== Task description ==
Write out the data that follows. Keep every character unchanged.

┄┄┄┄┄┄┄┄┄┄┄┄┄┄┄┄┄┄┄┄

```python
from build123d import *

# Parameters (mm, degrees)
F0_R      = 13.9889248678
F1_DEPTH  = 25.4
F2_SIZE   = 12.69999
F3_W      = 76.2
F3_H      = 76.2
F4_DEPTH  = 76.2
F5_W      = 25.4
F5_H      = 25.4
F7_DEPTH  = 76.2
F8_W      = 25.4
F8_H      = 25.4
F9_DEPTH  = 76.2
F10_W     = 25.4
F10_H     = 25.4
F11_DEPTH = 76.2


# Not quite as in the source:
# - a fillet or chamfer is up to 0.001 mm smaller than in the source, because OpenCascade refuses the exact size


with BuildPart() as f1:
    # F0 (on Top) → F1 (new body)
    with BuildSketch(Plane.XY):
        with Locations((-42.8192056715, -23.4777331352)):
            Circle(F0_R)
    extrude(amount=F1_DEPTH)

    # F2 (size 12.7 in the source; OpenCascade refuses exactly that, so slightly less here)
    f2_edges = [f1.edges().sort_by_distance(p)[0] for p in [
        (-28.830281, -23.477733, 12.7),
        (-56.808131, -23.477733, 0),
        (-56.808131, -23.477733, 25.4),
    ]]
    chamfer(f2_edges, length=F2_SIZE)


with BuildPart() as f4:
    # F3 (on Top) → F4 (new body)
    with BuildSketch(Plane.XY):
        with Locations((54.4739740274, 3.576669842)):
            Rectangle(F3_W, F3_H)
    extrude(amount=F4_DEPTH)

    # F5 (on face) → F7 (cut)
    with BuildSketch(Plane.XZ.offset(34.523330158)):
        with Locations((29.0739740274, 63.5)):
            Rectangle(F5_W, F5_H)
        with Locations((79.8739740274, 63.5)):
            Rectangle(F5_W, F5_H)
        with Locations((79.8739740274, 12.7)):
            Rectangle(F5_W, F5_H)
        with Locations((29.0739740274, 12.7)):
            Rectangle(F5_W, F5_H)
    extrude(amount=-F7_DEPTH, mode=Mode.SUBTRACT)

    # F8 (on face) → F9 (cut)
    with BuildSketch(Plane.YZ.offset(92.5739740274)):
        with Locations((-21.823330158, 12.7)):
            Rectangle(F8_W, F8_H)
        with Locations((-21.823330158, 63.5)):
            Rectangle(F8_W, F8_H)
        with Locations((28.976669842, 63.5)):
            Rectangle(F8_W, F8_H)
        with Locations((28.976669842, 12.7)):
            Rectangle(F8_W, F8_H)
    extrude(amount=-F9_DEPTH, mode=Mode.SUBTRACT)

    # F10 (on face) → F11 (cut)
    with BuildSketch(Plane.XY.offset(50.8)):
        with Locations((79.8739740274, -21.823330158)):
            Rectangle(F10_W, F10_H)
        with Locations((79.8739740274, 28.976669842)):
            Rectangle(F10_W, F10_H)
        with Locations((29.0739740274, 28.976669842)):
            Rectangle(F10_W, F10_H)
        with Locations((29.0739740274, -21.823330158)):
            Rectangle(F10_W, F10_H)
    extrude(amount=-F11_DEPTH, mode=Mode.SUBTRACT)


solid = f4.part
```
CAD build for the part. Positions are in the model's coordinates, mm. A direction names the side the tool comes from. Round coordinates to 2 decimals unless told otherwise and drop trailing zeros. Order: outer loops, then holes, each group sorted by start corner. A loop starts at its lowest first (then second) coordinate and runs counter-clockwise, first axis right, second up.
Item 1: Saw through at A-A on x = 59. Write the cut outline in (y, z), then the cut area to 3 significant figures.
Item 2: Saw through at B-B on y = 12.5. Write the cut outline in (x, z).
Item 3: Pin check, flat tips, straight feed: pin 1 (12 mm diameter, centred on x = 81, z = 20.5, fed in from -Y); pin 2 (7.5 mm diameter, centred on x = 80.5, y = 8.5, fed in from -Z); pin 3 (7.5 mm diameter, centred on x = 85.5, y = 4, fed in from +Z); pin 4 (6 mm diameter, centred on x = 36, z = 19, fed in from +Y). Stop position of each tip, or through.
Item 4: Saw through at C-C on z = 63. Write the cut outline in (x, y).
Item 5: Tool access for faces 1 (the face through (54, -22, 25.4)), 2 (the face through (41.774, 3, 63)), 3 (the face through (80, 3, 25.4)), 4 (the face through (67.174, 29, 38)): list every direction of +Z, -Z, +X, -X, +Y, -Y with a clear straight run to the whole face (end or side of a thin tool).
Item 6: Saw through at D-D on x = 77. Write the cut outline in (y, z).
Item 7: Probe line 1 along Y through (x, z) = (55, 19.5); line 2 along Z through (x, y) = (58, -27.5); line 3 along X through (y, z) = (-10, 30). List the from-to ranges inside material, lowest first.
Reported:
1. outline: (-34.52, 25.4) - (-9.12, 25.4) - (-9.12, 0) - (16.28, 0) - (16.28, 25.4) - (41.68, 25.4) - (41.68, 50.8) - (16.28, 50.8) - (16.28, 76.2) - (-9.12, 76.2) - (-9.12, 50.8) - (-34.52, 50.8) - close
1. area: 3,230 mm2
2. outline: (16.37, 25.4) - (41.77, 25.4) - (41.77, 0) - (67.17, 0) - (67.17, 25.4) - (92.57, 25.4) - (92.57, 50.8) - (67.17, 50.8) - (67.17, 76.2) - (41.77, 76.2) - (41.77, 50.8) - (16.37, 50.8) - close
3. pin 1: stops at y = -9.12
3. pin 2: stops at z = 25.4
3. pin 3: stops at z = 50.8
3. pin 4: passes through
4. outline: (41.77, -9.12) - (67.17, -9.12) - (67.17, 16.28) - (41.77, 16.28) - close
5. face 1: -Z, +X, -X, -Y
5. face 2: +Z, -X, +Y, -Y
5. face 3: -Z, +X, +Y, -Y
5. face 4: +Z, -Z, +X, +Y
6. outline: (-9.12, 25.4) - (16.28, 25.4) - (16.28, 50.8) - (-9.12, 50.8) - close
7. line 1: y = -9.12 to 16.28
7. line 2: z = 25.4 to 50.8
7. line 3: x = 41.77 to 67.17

┄┄┄┄┄┄┄┄┄┄┄┄┄┄┄┄┄┄┄┄

== Worked solution ==
```python
from build123d import *

# Parameters (mm, degrees)
F0_R      = 13.9889248678
F1_DEPTH  = 25.4
F2_SIZE   = 12.69999
F3_W      = 76.2
F3_H      = 76.2
F4_DEPTH  = 76.2
F5_W      = 25.4
F5_H      = 25.4
F7_DEPTH  = 76.2
F8_W      = 25.4
F8_H      = 25.4
F9_DEPTH  = 76.2
F10_W     = 25.4
F10_H     = 25.4
F11_DEPTH = 76.2


# Not quite as in the source:
# - a fillet or chamfer is up to 0.001 mm smaller than in the source, because OpenCascade refuses the exact size


with BuildPart() as f1:
    # F0 (on Top) → F1 (new body)
    with BuildSketch(Plane.XY):
        with Locations((-42.8192056715, -23.4777331352)):
            Circle(F0_R)
    extrude(amount=F1_DEPTH)

    # F2 (size 12.7 in the source; OpenCascade refuses exactly that, so slightly less here)
    f2_edges = [f1.edges().sort_by_distance(p)[0] for p in [
        (-28.830281, -23.477733, 12.7),
        (-56.808131, -23.477733, 0),
        (-56.808131, -23.477733, 25.4),
    ]]
    chamfer(f2_edges, length=F2_SIZE)


with BuildPart() as f4:
    # F3 (on Top) → F4 (new body)
    with BuildSketch(Plane.XY):
        with Locations((54.4739740274, 3.576669842)):
            Rectangle(F3_W, F3_H)
    extrude(amount=F4_DEPTH)

    # F5 (on face) → F7 (cut)
    with BuildSketch(Plane.XZ.offset(34.523330158)):
        with Locations((29.0739740274, 63.5)):
            Rectangle(F5_W, F5_H)
        with Locations((79.8739740274, 63.5)):
            Rectangle(F5_W, F5_H)
        with Locations((79.8739740274, 12.7)):
            Rectangle(F5_W, F5_H)
        with Locations((29.0739740274, 12.7)):
            Rectangle(F5_W, F5_H)
    extrude(amount=-F7_DEPTH, mode=Mode.SUBTRACT)

    # F8 (on face) → F9 (cut)
    with BuildSketch(Plane.YZ.offset(92.5739740274)):
        with Locations((-21.823330158, 12.7)):
            Rectangle(F8_W, F8_H)
        with Locations((-21.823330158, 63.5)):
            Rectangle(F8_W, F8_H)
        with Locations((28.976669842, 63.5)):
            Rectangle(F8_W, F8_H)
        with Locations((28.976669842, 12.7)):
            Rectangle(F8_W, F8_H)
    extrude(amount=-F9_DEPTH, mode=Mode.SUBTRACT)

    # F10 (on face) → F11 (cut)
    with BuildSketch(Plane.XY.offset(50.8)):
        with Locations((79.8739740274, -21.823330158)):
            Rectangle(F10_W, F10_H)
        with Locations((79.8739740274, 28.976669842)):
            Rectangle(F10_W, F10_H)
        with Locations((29.0739740274, 28.976669842)):
            Rectangle(F10_W, F10_H)
        with Locations((29.0739740274, -21.823330158)):
            Rectangle(F10_W, F10_H)
    extrude(amount=-F11_DEPTH, mode=Mode.SUBTRACT)


solid = f4.part
```
CAD build for the part. Positions are in the model's coordinates, mm. A direction names the side the tool comes from. Round coordinates to 2 decimals unless told otherwise and drop trailing zeros. Order: outer loops, then holes, each group sorted by start corner. A loop starts at its lowest first (then second) coordinate and runs counter-clockwise, first axis right, second up.
Item 1: Saw through at A-A on x = 59. Write the cut outline in (y, z), then the cut area to 3 significant figures.
Item 2: Saw through at B-B on y = 12.5. Write the cut outline in (x, z).
Item 3: Pin check, flat tips, straight feed: pin 1 (12 mm diameter, centred on x = 81, z = 20.5, fed in from -Y); pin 2 (7.5 mm diameter, centred on x = 80.5, y = 8.5, fed in from -Z); pin 3 (7.5 mm diameter, centred on x = 85.5, y = 4, fed in from +Z); pin 4 (6 mm diameter, centred on x = 36, z = 19, fed in from +Y). Stop position of each tip, or through.
Item 4: Saw through at C-C on z = 63. Write the cut outline in (x, y).
Item 5: Tool access for faces 1 (the face through (54, -22, 25.4)), 2 (the face through (41.774, 3, 63)), 3 (the face through (80, 3, 25.4)), 4 (the face through (67.174, 29, 38)): list every direction of +Z, -Z, +X, -X, +Y, -Y with a clear straight run to the whole face (end or side of a thin tool).
Item 6: Saw through at D-D on x = 77. Write the cut outline in (y, z).
Item 7: Probe line 1 along Y through (x, z) = (55, 19.5); line 2 along Z through (x, y) = (58, -27.5); line 3 along X through (y, z) = (-10, 30). List the from-to ranges inside material, lowest first.
Reported:
1. outline: (-34.52, 25.4) - (-9.12, 25.4) - (-9.12, 0) - (16.28, 0) - (16.28, 25.4) - (41.68, 25.4) - (41.68, 50.8) - (16.28, 50.8) - (16.28, 76.2) - (-9.12, 76.2) - (-9.12, 50.8) - (-34.52, 50.8) - close
1. area: 3,230 mm2
2. outline: (16.37, 25.4) - (41.77, 25.4) - (41.77, 0) - (67.17, 0) - (67.17, 25.4) - (92.57, 25.4) - (92.57, 50.8) - (67.17, 50.8) - (67.17, 76.2) - (41.77, 76.2) - (41.77, 50.8) - (16.37, 50.8) - close
3. pin 1: stops at y = -9.12
3. pin 2: stops at z = 25.4
3. pin 3: stops at z = 50.8
3. pin 4: passes through
4. outline: (41.77, -9.12) - (67.17, -9.12) - (67.17, 16.28) - (41.77, 16.28) - close
5. face 1: -Z, +X, -X, -Y
5. face 2: +Z, -X, +Y, -Y
5. face 3: -Z, +X, +Y, -Y
5. face 4: +Z, -Z, +X, +Y
6. outline: (-9.12, 25.4) - (16.28, 25.4) - (16.28, 50.8) - (-9.12, 50.8) - close
7. line 1: y = -9.12 to 16.28
7. line 2: z = 25.4 to 50.8
7. line 3: x = 41.77 to 67.17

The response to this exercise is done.